PHP 5.6 + Apache2 + mySQL 8.0.32
phpBB 3.0.14 (ppkBB3cker free v.2.5 Ревизия: 20210430 Обновление: 54.1)
Обращение к БД:
$sql = "SELECT
u.user_id, u.user_uploaded, u.user_uploaded_self, u.user_downloaded, u.user_permissions, u.user_bonus, u.user_type, u.user_tracker_data,
tr.id, tr.seeders, tr.leechers, tr.times_completed, tr.added, tr.free, tr.size, tr.upload, tr.req_ratio, tr.req_upload, tr.poster_id, tr.unreg, tr.tsl_speed, tr.lastslspeed,
t.forb"
. ($config['ppkbb_tcenable_snatchstat'] ? ", s.finished, s.bonus_count, s.id s_id" : '') . "
FROM " . USERS_TABLE . " u
LEFT JOIN " . TRACKER_TORRENTS_TABLE . " tr ON (tr.info_hash='{$info_hash}')
LEFT JOIN " . TOPICS_TABLE . " t ON (t.topic_id=tr.topic_id)"
. ($config['ppkbb_tcenable_snatchstat'] ? " LEFT JOIN " . TRACKER_SNATCHED_TABLE . " s ON (tr.id=s.torrent AND u.user_id=s.userid AND s.guests='0'" : '')

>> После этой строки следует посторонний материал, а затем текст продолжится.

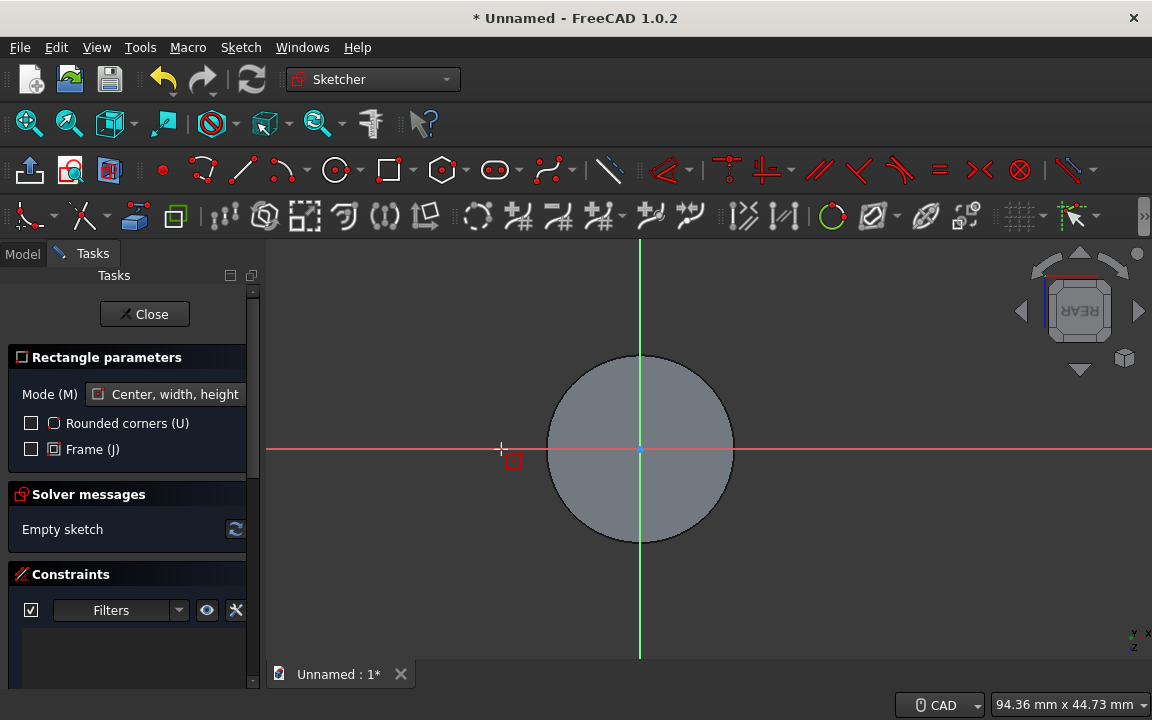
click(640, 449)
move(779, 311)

. " WHERE u.user_passkey='{$passkey}' AND u.user_type IN (" . USER_NORMAL . ', ' . USER_FOUNDER . ") LIMIT 1";
Ошибка:
You have an error in your SQL syntax; check the manual that corresponds to your MySQL server version for the right syntax to use near 'WHERE u.user_passkey='qbkv2qm32k6dw2ey1g4brg122t8oxyhf' AND u.user_type IN (0, 3' at line 7 [1064]
SELECT
u.user_id, u.user_uploaded, u.user_uploaded_self, u.user_downloaded, u.user_permissions, u.user_bonus, u.user_type, u.user_tracker_data,
tr.id, tr.seeders, tr.leechers, tr.times_completed, tr.added, tr.free, tr.size, tr.upload, tr.req_ratio, tr.req_upload, tr.poster_id, tr.unreg, tr.tsl_speed, tr.lastslspeed,
t.forb, s.finished, s.bonus_count, s.id s_id
FROM tracker_users u
LEFT JOIN tracker_tracker_torrents tr ON (tr.info_hash='75fe03fe4758e675255d49b15dff25316aee45d2')

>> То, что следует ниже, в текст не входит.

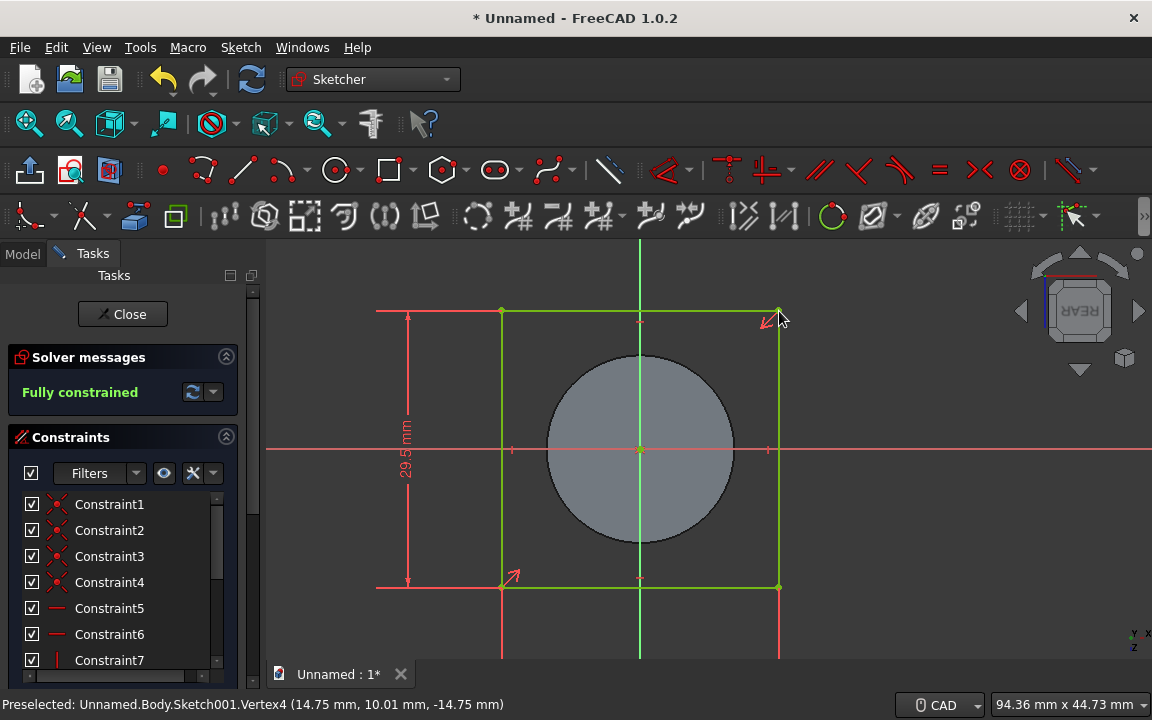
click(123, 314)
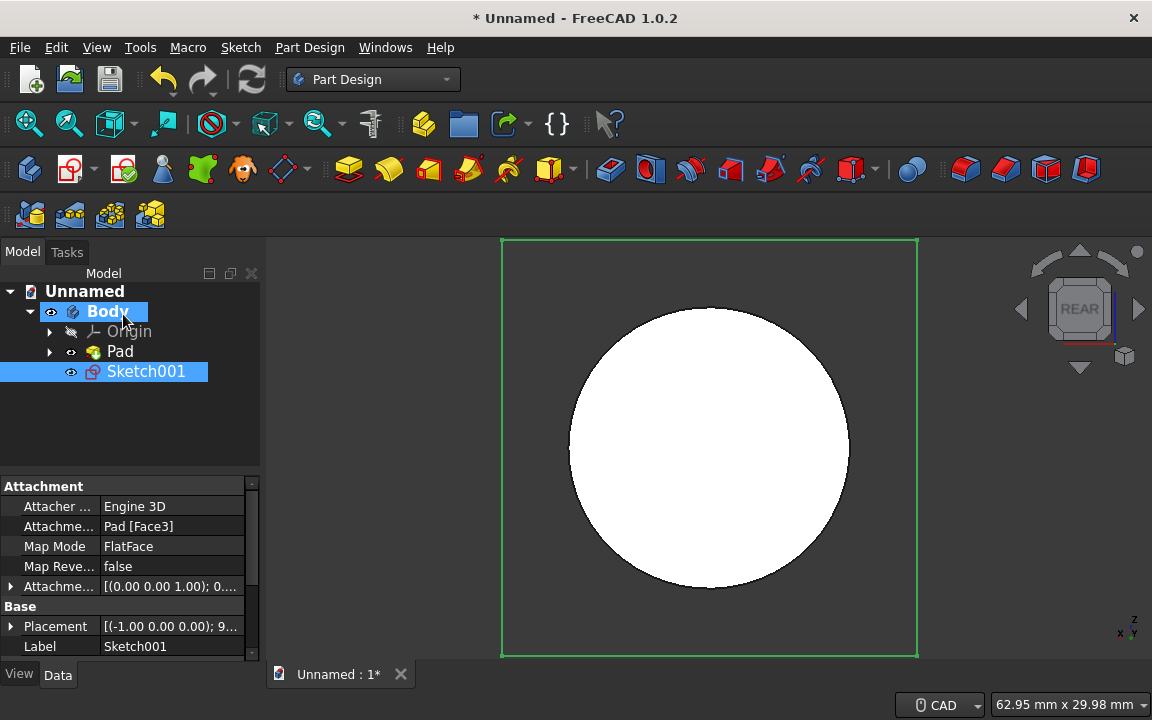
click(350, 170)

LEFT JOIN tracker_topics t ON (t.topic_id=tr.topic_id) LEFT JOIN tracker_tracker_snatched s ON (tr.id=s.torrent AND u.user_id=s.userid AND s.guests='0' WHERE u.user_passkey='qbkv2qm32k6xw2ey1g4brg122t8oxyhf' AND u.user_type IN (0, 3) LIMIT 1
Где подправить код обращения, что-бы ошибки не было?